The Infinite Loop Nothing But The Truth #1

by Olivier Roth on September 26, 2017

The Infinite Loop Nothing But The Truth #1

Written by: Pierrick Colinet and Elsa Charretier
Art by: Danielle Di Nicuolo
Colors by: Sarah Stern
Published by: IDW


This issue kicks off the second storyline in the Infinite Loop series of comics and I am glad, as a new reader, that they have given us a quick recap of what the series is about, and most importantly, their definition of what an Anomaly is for this series.


Our main character is Teddy, a young woman from a future where time-travel has become commonplace and where she used to help keep the timeline stable. However, after failing to try and reboot her own timeline to allow humans to accept anomalies (a human being created from a glitch due to time travel), she now runs an illegal organization whose goal is to hide these anomalies in time to spare them horrid living conditions in the present. However, to do so, she was forced to divorce her wife, an anomaly in congress, to continue her fight.


This story begins when Teddy is sent back in time to Virginia in 2157 in order to try and locate an anomaly who was hidden there after they lost contact with her. However, things don’t go as planned for Teddy. The moment she arrives in 2157, her car instantly crashes into a tree and looters take her only means of getting back: her watch. This leads her to the town of Appalachia where once, it was the best that the American Dream could offer, but now, is a place where denial dealers prosper.


It is explained that the human race in 2157 are able to purchase credits to use with their VR headsets to relieve “infinite loops” where they can relive moments in their life but with a catch: these moments can be changed within the virtual world to see the infinite possibilities that are available if you made a different decision. This type of recollection, however, has led the residents of Appalachia to become addicted and thus the rise of the denila dealers.


The back of this issue describes the series as Twin Peaks meets Orwell’s 1984-dystopian madness, and you can tell that this is an apt descriptor. The summary above is just a drop of what this story offers and you can see that Colinet and Charretier have a fun mystery to develop through this miniseries.


I read that Charretier was the original artist on the first mini but this time around, the art duties have been handed to Di Nicuolo. Though it’s a different look than Charretier, Di Nicuolo’s art is very bright and dynamic. She proves that she can draw both the action sequences, the car chase was superb, and the quieter moments.
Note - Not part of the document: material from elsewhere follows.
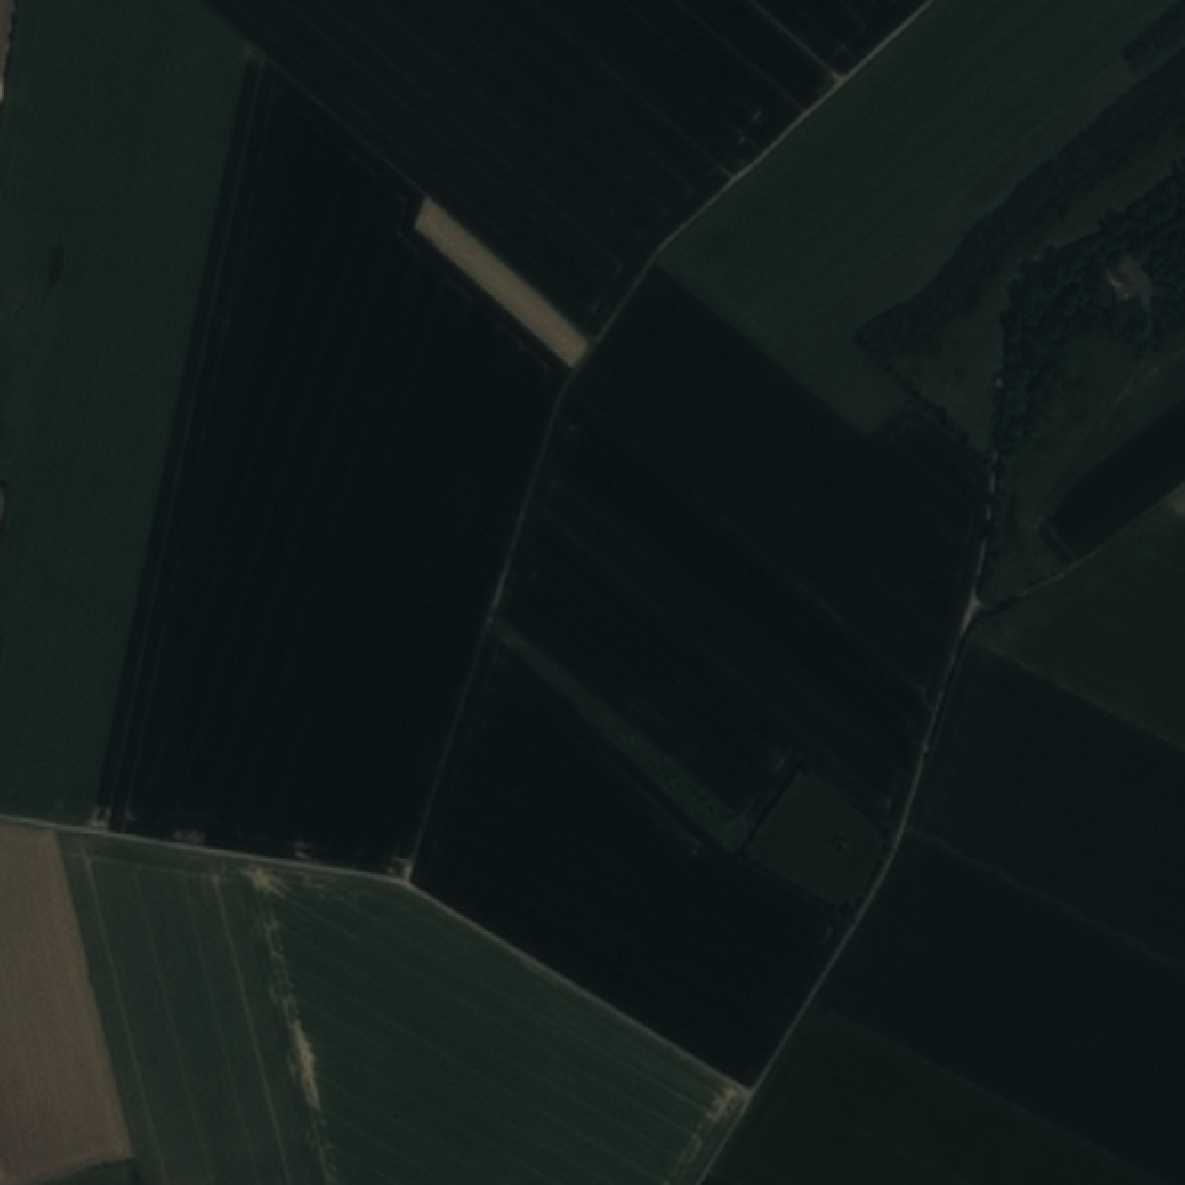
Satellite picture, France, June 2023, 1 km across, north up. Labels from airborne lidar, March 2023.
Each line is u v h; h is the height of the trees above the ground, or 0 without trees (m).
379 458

Also, the people affected by the infinite loop have a very zombie-esque quality to them that lends credence to their complete dependence on these VR headsets and Di Nicuolo gives them a perfect visual to describe this fact.


In all, I was very impressed by this first issue of a series I quite frankly completely missed the first time around. I’ve been on a pretty big time-travel kick lately and this definitely is a welcome addition.